The Tiny Things Are Heavier
- Author: Esther Ifesinachi Okonkwo
- Genre: Fiction
- Publisher: Bloomsbury Publishing
- Publication date: June 24, 2025
- Pages: 288
- ISBN: 978-1-639-73411-5

= The Tiny Things Are Heavier =

2025 novel by Esther Okonkwo

The Tiny Things Are Heavier is the debut novel by Nigerian author Esther Ifesinachi Okonkwo. Published by Bloomsbury Publishing on June 24, 2025, the literary fiction novel explores themes of migration, mental health, familial obligation, love, and identity, primarily focusing on a Nigerian immigrant navigating life in America and the complicated pull of home. The novel has been compared to works by Chimamanda Ngozi Adichie.

== Plot summary ==
The novel follows Somkelechukwu (Sommy), a Nigerian woman who travels to the United States to pursue graduate studies in literature in Iowa. Her departure occurs just two weeks after her elder brother, Mezie, attempts suicide, leaving Sommy plagued by guilt and struggling with homesickness and a sense of alienation in her new life.

Sommy initially enters a relationship with her boisterous Nigerian roommate, Bayo. However, her life becomes more complicated when she begins to fall for Bryan, a biracial American writer whose Nigerian father abandoned his family shortly after his birth. Bound by their feelings of unbelonging and a shared, vague sense of Nigerian kinship, Sommy and Bryan grow close.
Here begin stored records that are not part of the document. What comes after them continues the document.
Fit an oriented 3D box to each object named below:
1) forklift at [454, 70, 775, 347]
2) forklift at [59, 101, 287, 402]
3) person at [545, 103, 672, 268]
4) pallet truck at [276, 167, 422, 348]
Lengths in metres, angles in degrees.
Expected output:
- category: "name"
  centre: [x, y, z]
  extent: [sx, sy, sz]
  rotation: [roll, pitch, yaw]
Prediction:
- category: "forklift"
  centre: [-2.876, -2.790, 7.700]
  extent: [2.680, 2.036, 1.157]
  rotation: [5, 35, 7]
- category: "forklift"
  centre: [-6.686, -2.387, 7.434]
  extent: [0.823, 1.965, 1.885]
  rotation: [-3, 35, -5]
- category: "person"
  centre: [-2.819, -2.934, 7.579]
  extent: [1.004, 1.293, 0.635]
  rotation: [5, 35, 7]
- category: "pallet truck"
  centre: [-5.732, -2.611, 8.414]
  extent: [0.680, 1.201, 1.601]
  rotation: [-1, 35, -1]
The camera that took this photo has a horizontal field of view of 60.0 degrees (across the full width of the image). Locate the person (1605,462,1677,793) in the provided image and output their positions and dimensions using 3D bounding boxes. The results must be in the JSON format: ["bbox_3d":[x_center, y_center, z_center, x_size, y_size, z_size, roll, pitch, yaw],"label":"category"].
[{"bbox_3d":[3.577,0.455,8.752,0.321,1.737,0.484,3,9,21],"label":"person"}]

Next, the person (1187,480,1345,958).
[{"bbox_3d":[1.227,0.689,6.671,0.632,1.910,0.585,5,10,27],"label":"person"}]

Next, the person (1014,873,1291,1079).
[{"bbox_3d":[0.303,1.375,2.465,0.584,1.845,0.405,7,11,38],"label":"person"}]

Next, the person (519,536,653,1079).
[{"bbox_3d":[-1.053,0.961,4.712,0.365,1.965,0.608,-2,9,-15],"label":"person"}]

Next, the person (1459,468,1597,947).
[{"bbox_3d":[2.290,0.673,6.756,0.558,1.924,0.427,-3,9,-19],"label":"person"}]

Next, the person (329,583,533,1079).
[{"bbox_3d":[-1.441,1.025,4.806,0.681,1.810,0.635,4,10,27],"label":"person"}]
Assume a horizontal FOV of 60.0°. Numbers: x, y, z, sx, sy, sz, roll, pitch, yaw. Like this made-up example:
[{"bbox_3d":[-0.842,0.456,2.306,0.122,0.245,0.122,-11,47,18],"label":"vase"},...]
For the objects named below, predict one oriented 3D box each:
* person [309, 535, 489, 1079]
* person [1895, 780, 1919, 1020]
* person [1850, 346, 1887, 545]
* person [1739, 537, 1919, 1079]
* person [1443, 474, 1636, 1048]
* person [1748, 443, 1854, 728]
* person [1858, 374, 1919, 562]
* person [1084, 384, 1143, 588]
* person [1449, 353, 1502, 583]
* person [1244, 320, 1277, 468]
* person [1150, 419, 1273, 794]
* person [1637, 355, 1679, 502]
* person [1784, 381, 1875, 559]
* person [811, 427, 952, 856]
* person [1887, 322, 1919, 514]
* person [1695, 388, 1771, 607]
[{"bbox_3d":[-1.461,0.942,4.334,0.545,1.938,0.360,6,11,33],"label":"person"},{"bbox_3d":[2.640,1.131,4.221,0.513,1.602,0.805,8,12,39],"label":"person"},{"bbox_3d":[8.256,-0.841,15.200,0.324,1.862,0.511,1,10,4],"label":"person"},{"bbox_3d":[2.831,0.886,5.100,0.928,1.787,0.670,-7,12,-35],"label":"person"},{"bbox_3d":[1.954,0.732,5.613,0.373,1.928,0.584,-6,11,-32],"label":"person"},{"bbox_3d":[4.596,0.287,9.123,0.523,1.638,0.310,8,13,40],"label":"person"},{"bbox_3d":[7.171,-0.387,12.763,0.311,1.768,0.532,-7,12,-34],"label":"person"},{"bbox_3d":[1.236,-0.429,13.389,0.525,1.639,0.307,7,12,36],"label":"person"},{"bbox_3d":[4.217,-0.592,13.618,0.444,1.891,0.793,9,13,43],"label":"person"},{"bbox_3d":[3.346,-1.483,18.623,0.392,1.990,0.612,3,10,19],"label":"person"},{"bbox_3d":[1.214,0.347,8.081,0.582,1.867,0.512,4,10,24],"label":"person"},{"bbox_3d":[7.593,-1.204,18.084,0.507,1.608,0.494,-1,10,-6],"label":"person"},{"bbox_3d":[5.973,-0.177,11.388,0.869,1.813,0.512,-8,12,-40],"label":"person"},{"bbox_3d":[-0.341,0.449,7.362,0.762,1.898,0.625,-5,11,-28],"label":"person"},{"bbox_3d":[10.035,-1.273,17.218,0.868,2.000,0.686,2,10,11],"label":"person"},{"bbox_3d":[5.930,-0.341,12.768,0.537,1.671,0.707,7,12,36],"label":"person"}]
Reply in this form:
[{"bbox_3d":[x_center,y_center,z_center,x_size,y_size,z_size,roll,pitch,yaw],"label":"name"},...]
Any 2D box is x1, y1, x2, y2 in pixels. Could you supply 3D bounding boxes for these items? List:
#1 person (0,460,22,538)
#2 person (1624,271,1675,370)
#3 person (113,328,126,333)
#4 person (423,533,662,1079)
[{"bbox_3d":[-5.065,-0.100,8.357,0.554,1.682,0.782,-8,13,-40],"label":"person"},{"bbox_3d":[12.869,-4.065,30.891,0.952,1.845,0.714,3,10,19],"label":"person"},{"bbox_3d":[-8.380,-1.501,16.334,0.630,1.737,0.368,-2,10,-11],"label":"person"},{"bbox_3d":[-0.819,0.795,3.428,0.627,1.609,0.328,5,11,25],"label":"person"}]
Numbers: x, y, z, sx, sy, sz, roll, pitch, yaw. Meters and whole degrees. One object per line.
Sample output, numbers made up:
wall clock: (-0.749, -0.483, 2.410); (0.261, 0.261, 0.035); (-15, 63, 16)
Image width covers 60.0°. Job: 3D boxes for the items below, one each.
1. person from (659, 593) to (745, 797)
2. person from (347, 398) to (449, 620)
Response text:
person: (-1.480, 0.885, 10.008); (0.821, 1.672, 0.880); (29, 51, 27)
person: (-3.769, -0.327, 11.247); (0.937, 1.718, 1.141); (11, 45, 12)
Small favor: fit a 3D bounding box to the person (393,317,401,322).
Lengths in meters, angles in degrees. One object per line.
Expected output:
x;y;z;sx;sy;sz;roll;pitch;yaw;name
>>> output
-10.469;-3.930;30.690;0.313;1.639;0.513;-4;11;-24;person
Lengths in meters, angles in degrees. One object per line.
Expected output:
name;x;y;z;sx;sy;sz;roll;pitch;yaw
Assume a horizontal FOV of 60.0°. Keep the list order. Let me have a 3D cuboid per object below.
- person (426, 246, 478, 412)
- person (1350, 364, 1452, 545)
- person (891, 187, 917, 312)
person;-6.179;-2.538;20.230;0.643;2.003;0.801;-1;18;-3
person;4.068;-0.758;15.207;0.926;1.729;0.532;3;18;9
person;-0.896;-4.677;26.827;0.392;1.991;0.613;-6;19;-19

During a summer break, Sommy and Bryan travel to Lagos, Nigeria. Sommy hopes to reconcile with Mezie and confront the complexities of her family relationships, while Bryan seeks to connect with his estranged father. A shocking and unexpected event occurs during this trip, which throws their lives into disarray, strains Sommy's relationships, and forces her to confront her own identity and what she truly owes to her loved ones. The narrative explores the contrast between the American Midwest and the bustling city of Lagos, using migration as a lens to examine universal human struggles and the process of moving from young adulthood to maturity.